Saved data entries
▼
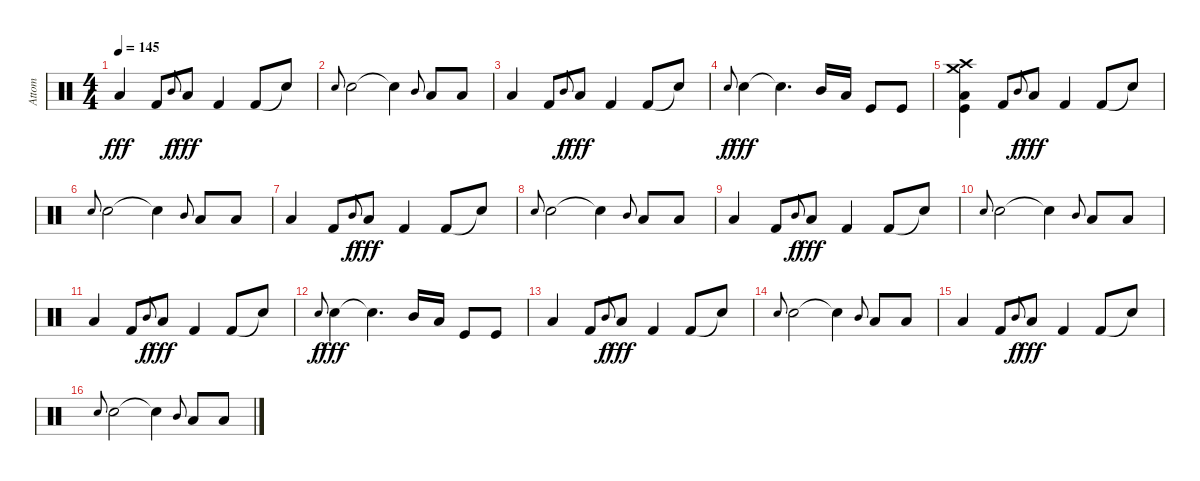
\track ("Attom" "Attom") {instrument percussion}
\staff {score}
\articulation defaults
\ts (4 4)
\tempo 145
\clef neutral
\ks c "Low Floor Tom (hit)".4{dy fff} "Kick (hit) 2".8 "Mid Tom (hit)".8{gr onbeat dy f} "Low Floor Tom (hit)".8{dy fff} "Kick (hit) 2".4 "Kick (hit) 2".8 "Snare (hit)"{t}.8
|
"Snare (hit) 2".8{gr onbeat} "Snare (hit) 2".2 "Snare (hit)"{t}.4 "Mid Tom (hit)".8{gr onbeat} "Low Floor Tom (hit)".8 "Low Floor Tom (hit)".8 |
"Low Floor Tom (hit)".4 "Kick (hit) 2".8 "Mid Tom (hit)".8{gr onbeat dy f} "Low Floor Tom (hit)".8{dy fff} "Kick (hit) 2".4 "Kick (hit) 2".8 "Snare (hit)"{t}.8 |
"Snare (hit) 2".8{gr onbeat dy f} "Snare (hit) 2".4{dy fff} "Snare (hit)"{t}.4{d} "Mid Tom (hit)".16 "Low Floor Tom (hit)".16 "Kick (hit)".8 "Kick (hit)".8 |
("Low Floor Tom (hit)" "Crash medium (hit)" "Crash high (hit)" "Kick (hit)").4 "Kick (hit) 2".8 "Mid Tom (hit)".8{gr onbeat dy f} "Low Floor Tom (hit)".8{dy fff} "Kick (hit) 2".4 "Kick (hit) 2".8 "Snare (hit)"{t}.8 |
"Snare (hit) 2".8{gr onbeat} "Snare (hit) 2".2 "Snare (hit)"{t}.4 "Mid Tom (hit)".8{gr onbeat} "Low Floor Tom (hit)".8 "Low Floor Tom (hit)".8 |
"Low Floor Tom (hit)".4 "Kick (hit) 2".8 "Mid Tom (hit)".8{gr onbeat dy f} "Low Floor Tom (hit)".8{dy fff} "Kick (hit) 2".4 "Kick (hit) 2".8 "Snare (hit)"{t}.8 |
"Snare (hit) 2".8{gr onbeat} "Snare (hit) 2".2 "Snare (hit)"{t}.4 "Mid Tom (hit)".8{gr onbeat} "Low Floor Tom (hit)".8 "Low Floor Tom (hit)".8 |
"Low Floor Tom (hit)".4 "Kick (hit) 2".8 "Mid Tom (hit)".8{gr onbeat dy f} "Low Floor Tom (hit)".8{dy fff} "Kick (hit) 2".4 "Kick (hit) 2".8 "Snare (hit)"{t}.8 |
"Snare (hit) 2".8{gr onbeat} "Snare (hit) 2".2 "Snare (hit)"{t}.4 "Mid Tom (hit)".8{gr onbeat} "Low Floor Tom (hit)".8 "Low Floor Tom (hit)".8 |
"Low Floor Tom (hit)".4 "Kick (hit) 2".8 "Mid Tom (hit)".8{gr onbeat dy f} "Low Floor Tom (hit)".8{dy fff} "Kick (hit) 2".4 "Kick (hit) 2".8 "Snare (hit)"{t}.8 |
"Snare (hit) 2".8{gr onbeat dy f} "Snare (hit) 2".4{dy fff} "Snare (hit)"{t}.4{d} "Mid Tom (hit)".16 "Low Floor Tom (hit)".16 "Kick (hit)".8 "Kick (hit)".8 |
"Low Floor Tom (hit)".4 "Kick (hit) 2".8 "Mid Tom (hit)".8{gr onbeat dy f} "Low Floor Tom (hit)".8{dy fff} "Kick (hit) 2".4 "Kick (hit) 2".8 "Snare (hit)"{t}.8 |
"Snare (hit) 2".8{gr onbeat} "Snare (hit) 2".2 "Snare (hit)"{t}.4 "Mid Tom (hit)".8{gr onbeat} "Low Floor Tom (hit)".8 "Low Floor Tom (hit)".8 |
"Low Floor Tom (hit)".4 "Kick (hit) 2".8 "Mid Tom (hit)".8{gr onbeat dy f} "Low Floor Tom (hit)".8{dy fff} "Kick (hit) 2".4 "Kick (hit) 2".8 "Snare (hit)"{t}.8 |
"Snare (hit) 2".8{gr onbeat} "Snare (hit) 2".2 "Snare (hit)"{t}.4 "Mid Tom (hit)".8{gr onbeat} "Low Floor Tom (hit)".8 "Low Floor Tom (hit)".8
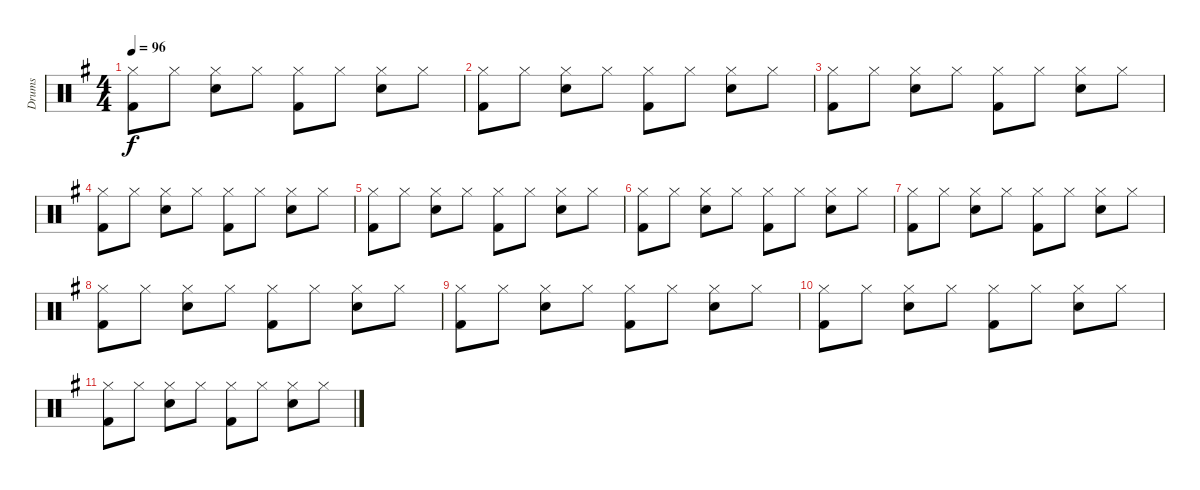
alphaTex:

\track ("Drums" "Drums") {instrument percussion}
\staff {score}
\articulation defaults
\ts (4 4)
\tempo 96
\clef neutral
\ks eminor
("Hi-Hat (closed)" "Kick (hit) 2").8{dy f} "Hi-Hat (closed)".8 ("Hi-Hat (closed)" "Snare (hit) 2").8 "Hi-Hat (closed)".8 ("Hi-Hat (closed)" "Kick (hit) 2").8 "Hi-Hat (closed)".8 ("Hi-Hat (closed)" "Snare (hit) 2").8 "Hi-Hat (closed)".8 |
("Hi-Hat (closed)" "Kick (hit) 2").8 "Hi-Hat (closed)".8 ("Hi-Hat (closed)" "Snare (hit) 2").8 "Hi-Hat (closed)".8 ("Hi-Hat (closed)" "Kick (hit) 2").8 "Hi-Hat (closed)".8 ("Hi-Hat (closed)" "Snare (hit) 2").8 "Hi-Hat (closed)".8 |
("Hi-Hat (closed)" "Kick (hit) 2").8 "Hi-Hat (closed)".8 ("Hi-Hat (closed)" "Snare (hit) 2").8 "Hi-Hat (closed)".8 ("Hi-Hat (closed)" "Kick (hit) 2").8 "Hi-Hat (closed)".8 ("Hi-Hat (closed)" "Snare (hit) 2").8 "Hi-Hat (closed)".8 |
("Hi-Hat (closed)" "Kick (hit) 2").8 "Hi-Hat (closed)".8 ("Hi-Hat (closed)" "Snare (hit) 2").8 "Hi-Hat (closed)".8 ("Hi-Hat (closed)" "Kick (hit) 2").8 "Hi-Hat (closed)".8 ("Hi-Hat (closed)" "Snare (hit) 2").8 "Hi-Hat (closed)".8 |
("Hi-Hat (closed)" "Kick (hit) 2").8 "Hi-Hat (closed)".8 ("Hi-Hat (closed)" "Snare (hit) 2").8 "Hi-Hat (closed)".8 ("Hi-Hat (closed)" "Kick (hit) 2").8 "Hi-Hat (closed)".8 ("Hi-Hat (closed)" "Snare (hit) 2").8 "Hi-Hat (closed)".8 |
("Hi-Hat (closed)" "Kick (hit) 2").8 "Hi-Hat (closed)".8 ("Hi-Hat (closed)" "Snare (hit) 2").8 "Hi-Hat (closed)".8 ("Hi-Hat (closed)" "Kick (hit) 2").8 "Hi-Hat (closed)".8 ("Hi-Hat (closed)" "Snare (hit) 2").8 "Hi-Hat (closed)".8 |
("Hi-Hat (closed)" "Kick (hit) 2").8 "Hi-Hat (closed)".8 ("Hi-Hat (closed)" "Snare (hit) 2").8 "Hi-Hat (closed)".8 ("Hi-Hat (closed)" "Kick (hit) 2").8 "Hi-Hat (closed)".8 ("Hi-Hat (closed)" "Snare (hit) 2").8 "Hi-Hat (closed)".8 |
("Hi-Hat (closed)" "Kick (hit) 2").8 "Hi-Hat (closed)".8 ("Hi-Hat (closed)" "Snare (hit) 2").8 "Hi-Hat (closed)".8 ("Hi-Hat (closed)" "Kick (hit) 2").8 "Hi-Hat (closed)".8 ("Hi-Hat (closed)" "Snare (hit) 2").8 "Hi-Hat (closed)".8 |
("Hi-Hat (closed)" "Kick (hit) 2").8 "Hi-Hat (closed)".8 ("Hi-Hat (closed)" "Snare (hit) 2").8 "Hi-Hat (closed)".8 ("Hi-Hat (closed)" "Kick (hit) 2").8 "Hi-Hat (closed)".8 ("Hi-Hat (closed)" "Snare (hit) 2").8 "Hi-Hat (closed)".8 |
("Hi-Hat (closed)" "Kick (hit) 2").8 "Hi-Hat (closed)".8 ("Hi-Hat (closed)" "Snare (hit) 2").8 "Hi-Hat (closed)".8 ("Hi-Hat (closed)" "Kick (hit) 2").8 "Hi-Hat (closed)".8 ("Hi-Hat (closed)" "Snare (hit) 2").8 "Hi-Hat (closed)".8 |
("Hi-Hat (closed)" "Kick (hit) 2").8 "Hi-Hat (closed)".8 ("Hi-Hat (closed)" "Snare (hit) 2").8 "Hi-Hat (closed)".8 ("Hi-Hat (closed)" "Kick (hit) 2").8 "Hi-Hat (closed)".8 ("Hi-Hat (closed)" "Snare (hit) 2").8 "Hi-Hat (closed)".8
▲
For every line above that includes the string "instrument", copy the line.

\track ("Attom" "Attom") {instrument percussion}
\track ("Drums" "Drums") {instrument percussion}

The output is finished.